Digital Accessibility

Websites

For most organisations, the website is the front door. If it’s hard to use with a keyboard, screen reader or zoom, you lose potential customers before they reach your offer.

We design, build and remediate sites to meet WCAG standards – and we typically aim for WCAG 2.2 Level AA standard at handover. That includes structure, navigation, contrast, forms, templates and content patterns your team can maintain.

What you can expect:

  • Accessibility reviews and prioritised recommendations
  • Design and development fixes (templates, components, UI patterns)
  • Accessible content guidance for editors
  • Support after launch so changes stay compliant
A laptop displaying the Polar Dry Ice Cleaning homepage

Documents

If you publish or send documents, accessibility matters as much as the web pages around them. An inaccessible PDF can block someone from completing an application, understanding a policy, or making a buying decision.

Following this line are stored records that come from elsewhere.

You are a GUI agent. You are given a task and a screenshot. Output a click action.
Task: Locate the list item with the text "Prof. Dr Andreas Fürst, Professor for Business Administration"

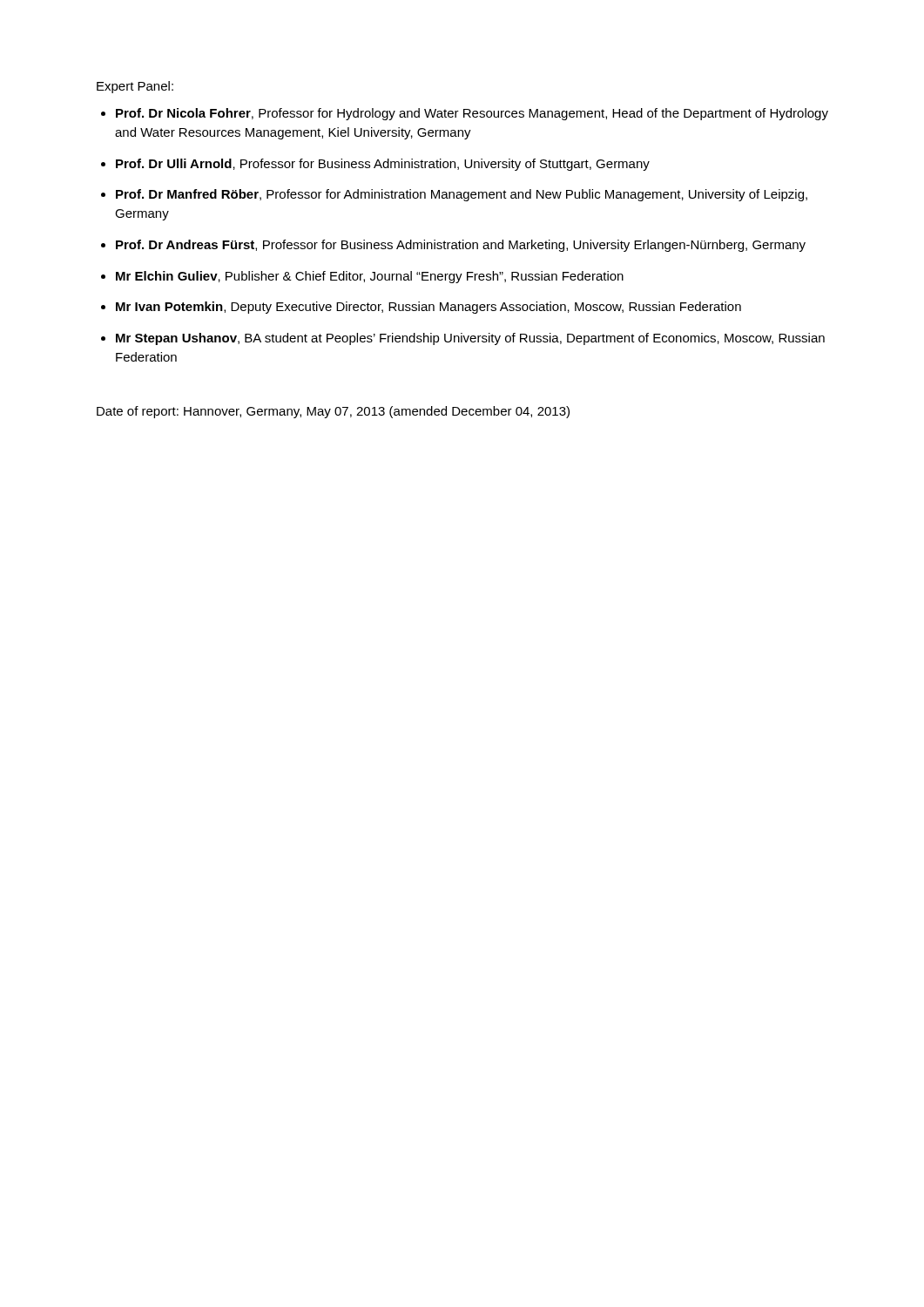[460, 244]
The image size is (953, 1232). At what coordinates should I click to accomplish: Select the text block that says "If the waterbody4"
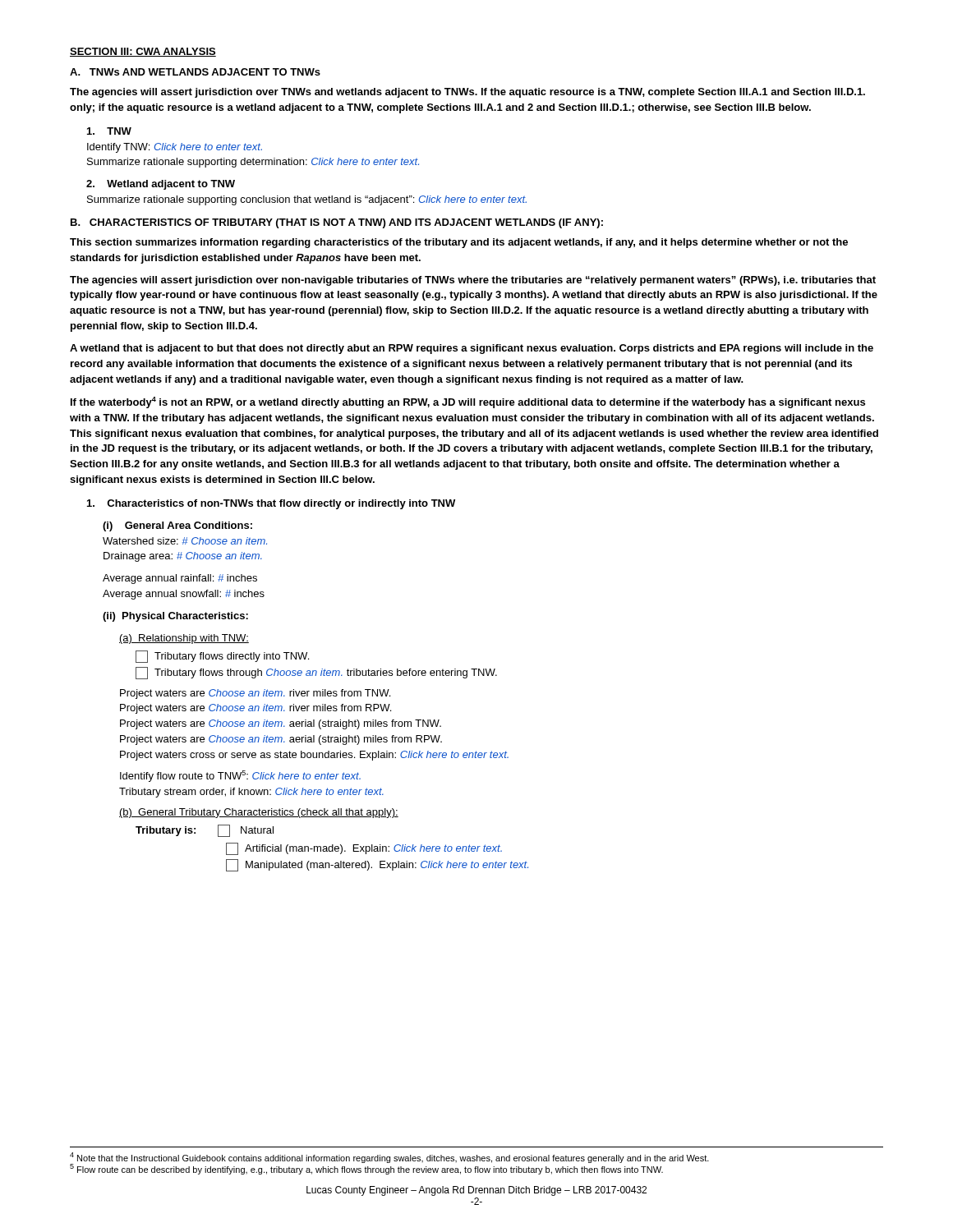tap(476, 441)
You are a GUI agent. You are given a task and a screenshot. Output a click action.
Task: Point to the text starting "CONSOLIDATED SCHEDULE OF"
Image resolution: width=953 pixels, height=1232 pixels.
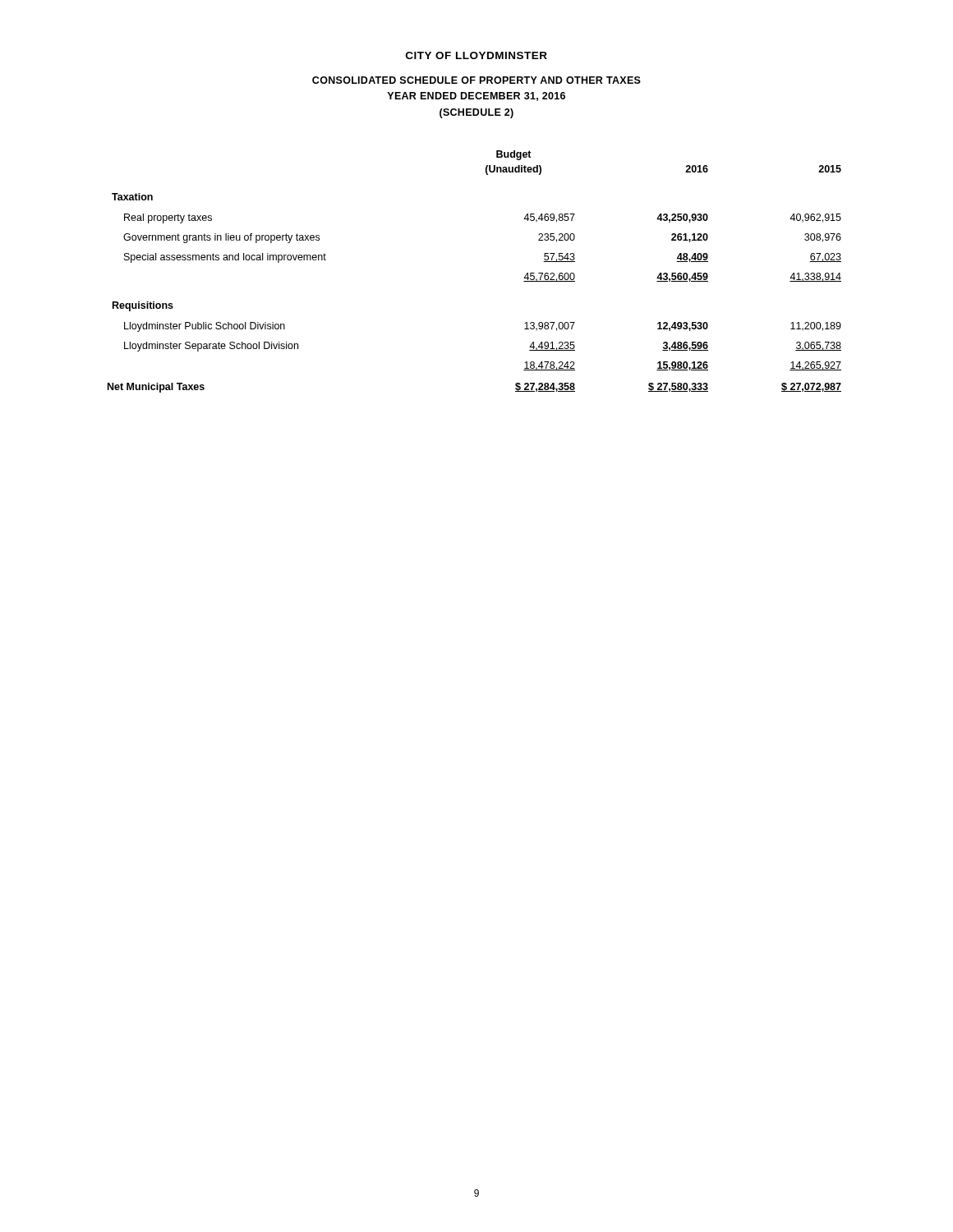(x=476, y=96)

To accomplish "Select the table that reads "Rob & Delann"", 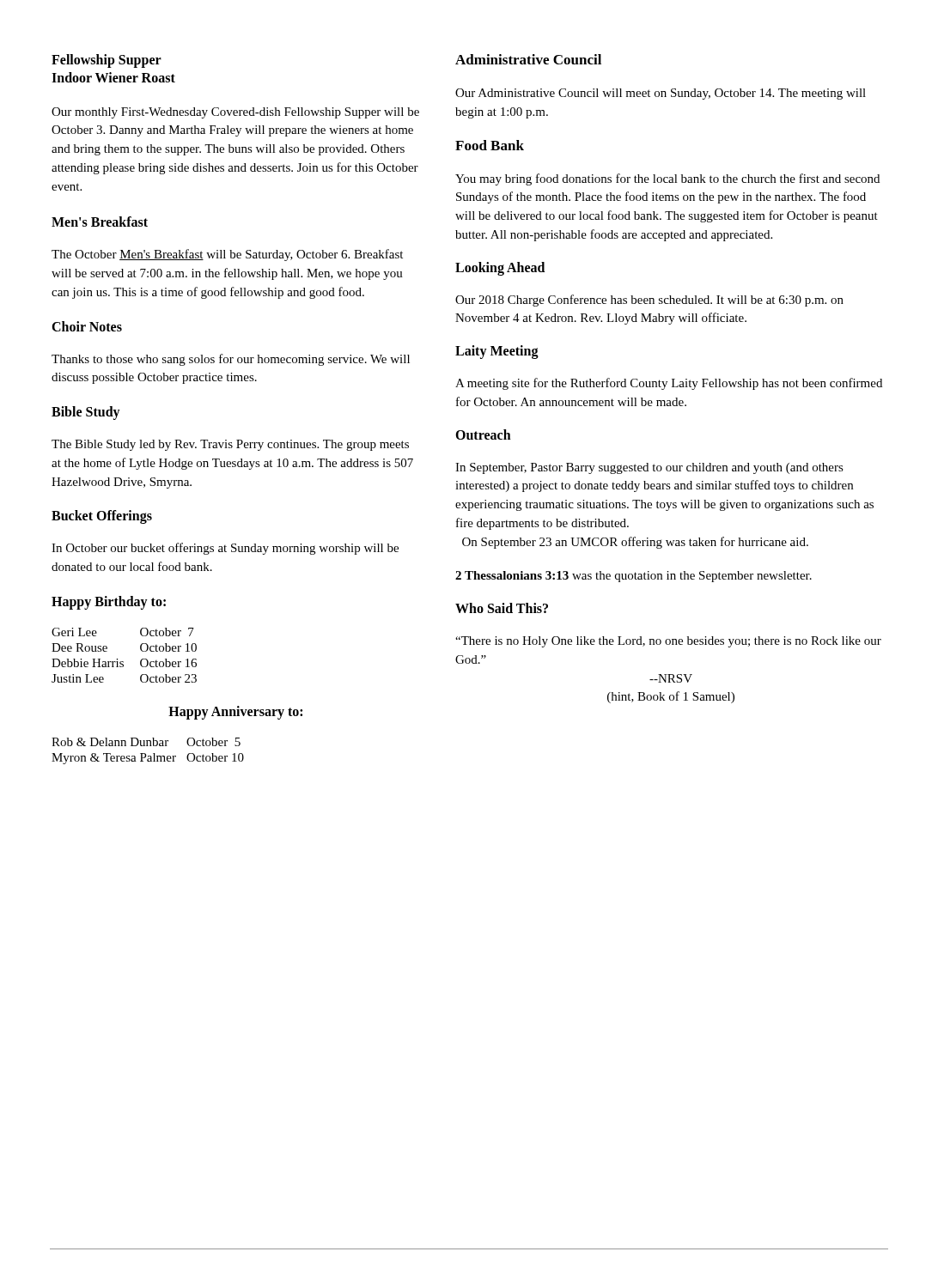I will [x=236, y=750].
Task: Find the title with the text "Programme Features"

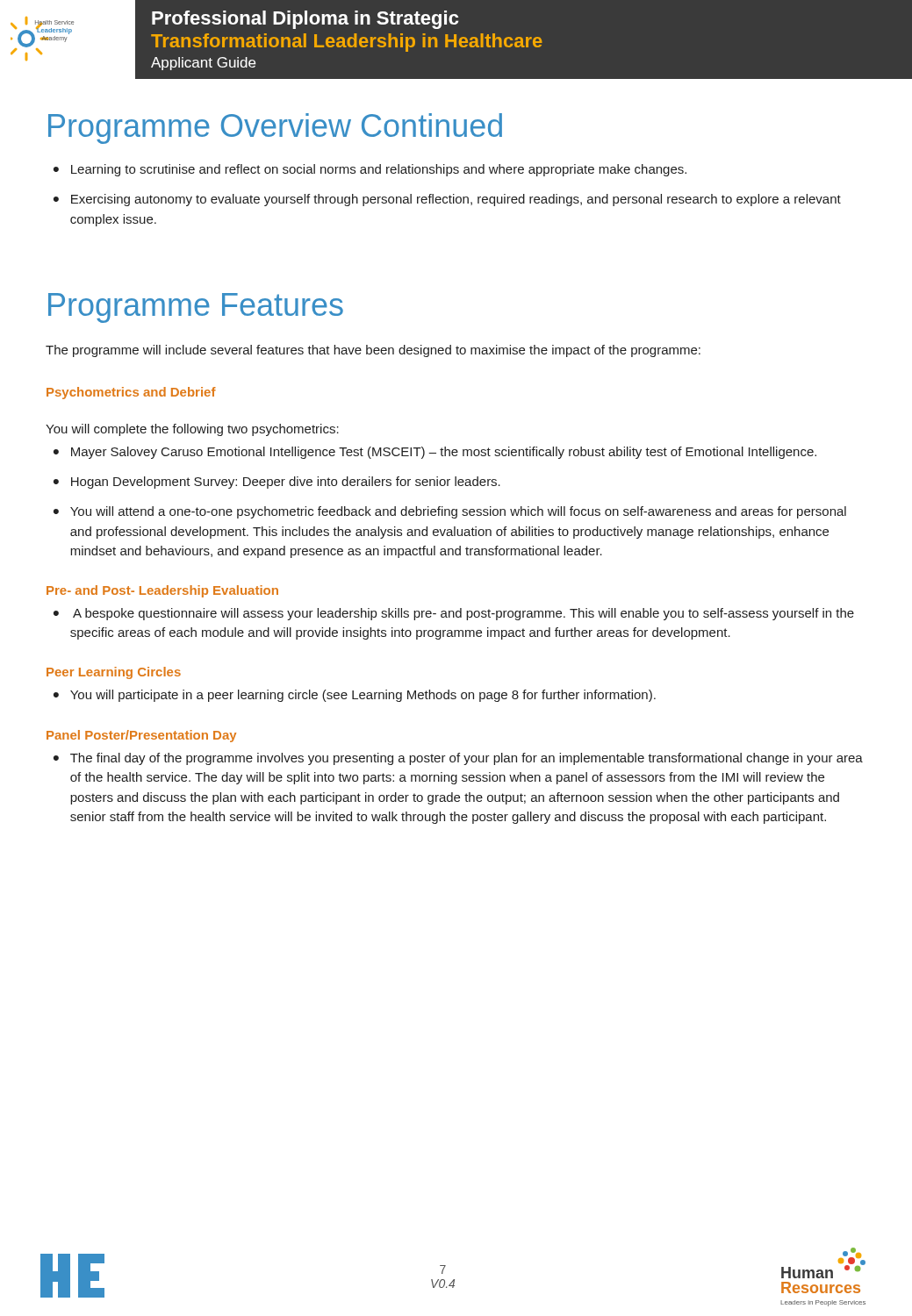Action: tap(196, 308)
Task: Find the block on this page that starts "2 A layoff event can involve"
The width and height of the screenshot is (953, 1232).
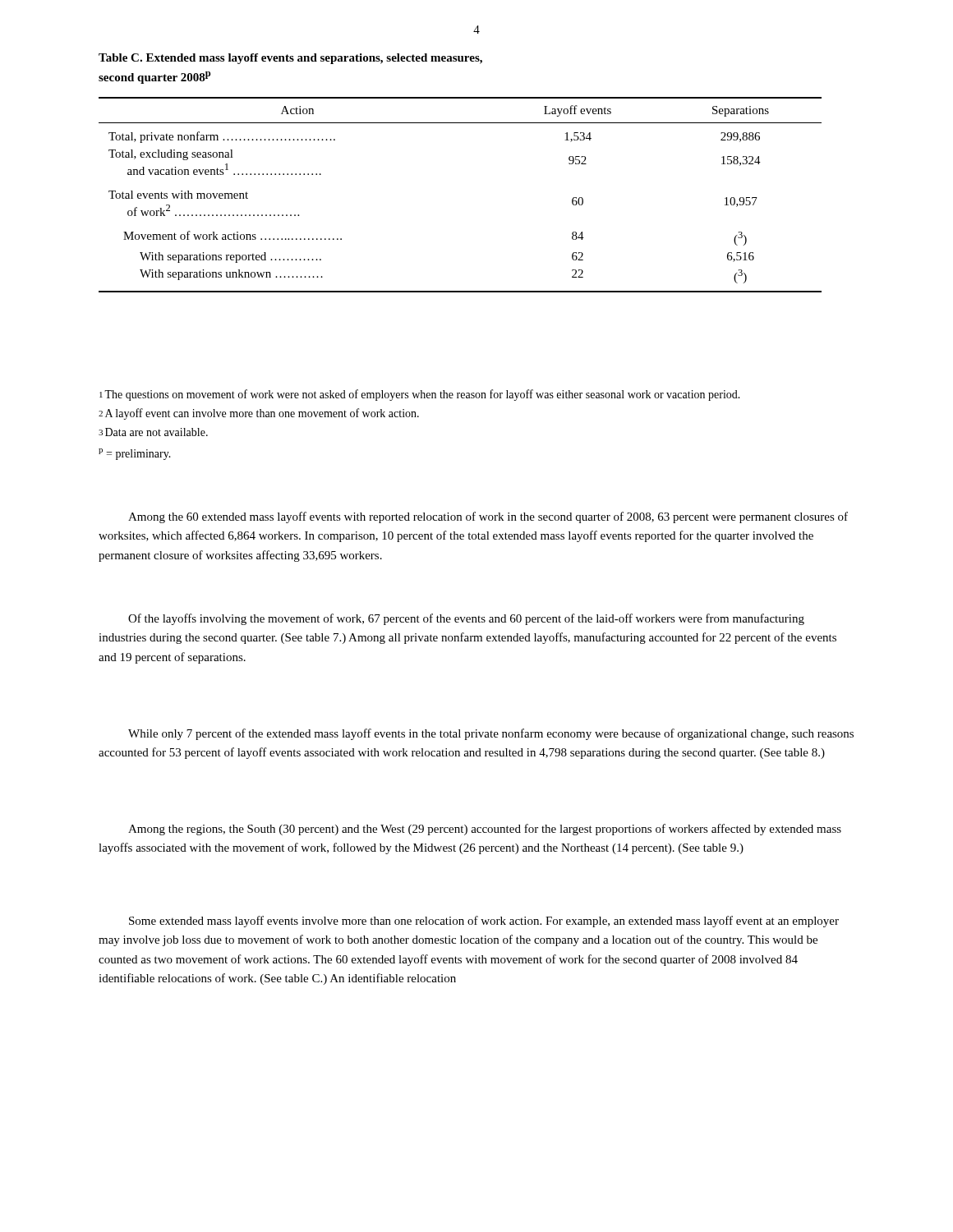Action: pyautogui.click(x=259, y=414)
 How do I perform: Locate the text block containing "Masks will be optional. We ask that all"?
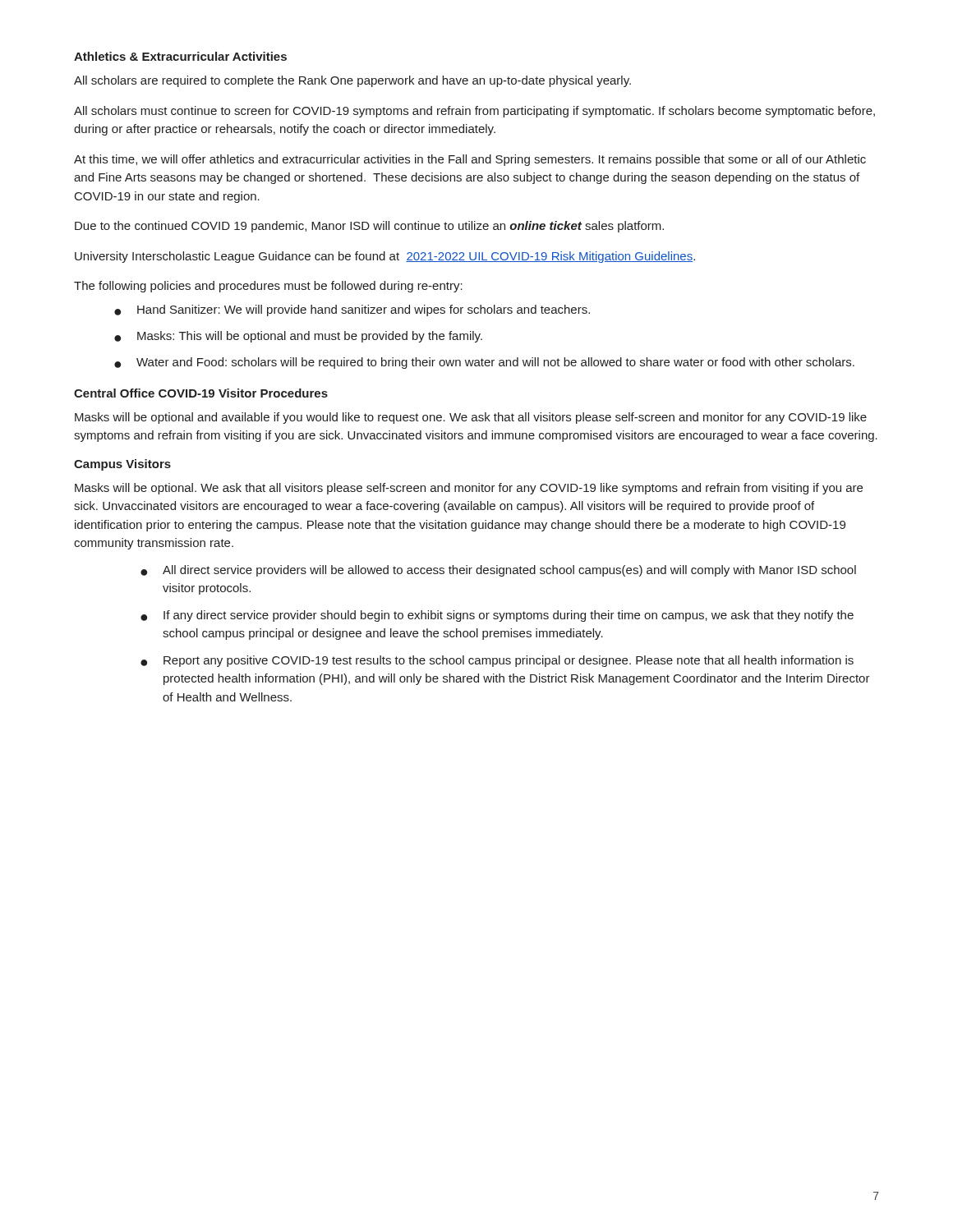pos(469,515)

Through our delivery and GrackleDocs partnership, we can help produce documents aligned with WCAG and PDF/UA, so they work properly with assistive technology.

Typical support includes:

  • Audits and remediation for existing PDFs
  • Accessible templates for ongoing creation
  • Guidance for Google Workspace and Microsoft outputs (where relevant)
A man using a laptop with graphical representations of document icons superimposed

Comms

Accessible communication is about clarity. Plain language, consistent layouts, meaningful headings, sensible contrast and descriptive alt text make content easier to understand and easier to use.

We help teams make day-to-day communications more accessible across web content, documents and social posts – without losing brand personality.

A group of young adults around a desk at a library, one of whom is in a wheelchair

Training

Long-term accessibility depends on what happens after launch. If your team publishes new pages, uploads documents or runs campaigns, they need a practical baseline they can apply confidently.

We offer training delivered by IAAP certified experts, covering document accessibility, accessible content management, accessible comms and accessible social. You can keep delivery with us, bring it fully in-house, or run a shared model.

A woman raising her hand during a presentation
  • Do I need to be accessible, and are there penalties if I am not?

    Your obligations depend on where you operate and where you sell goods or services. Some regions attach significant penalties to non-compliance, so it’s worth taking it seriously early. (We’re not legal advisers, but we can help you assess risk and implement improvements.)

    For example, non-compliance with the European Accessibility Act standards in Ireland can carry penalties of fines up to €60,000 and/or imprisonment of up to 18 months, while non-compliance with AODA regulations in Ontario, Canada could result in maximum fines of $100,000 per day for corporations, and $50,000 per day for individuals.

  • Is there an accessibility standard?

    Most accessibility frameworks reference the W3C Web Content Accessibility Guidelines (opens in new window) as the baseline, commonly at Level AA. For documents, PDF/UA (opens in new window) is widely used as the technical standard for accessible PDFs.

  • Can I use an accessibility widget to make my website compliant?

    Overlays don’t fix the underlying issues in your code or content. They can create new barriers for assistive tech users and they don’t remove legal risk.

    If you’re considering an overlay, we recommend investing that budget in real remediation and accessible patterns your team can maintain.

  • What if my target clients don't have disabilities?

    Accessibility still matters. People research and buy on behalf of others, and many accessibility needs are temporary or situational. Making your digital estate easier to use reduces friction for everyone, including high-intent users trying to complete a task quickly.

  • Doesn't "accessible" just mean boring looking?

    No. Accessibility doesn’t remove creativity – it adds constraints that protect usability. With thoughtful design, you can create distinctive work that still meets contrast, structure and navigation requirements.

  • If you build me an accessible website, am I future-proofed?

    You’ll be in a strong place at handover, but accessibility is ongoing. New pages, new components and uploaded documents all need to follow the same standards, otherwise compliance can slip.

    That’s why we include guidance, QA options and training, depending on how you want to run content long-term.

  • Is accessibility expensive?

    Accessibility is often more about doing things properly than adding “extra”. Costs usually come from retrofitting rushed builds, inconsistent templates or unmanaged documents.

    A planned approach typically saves time and reduces rework, while widening reach and lowering risk.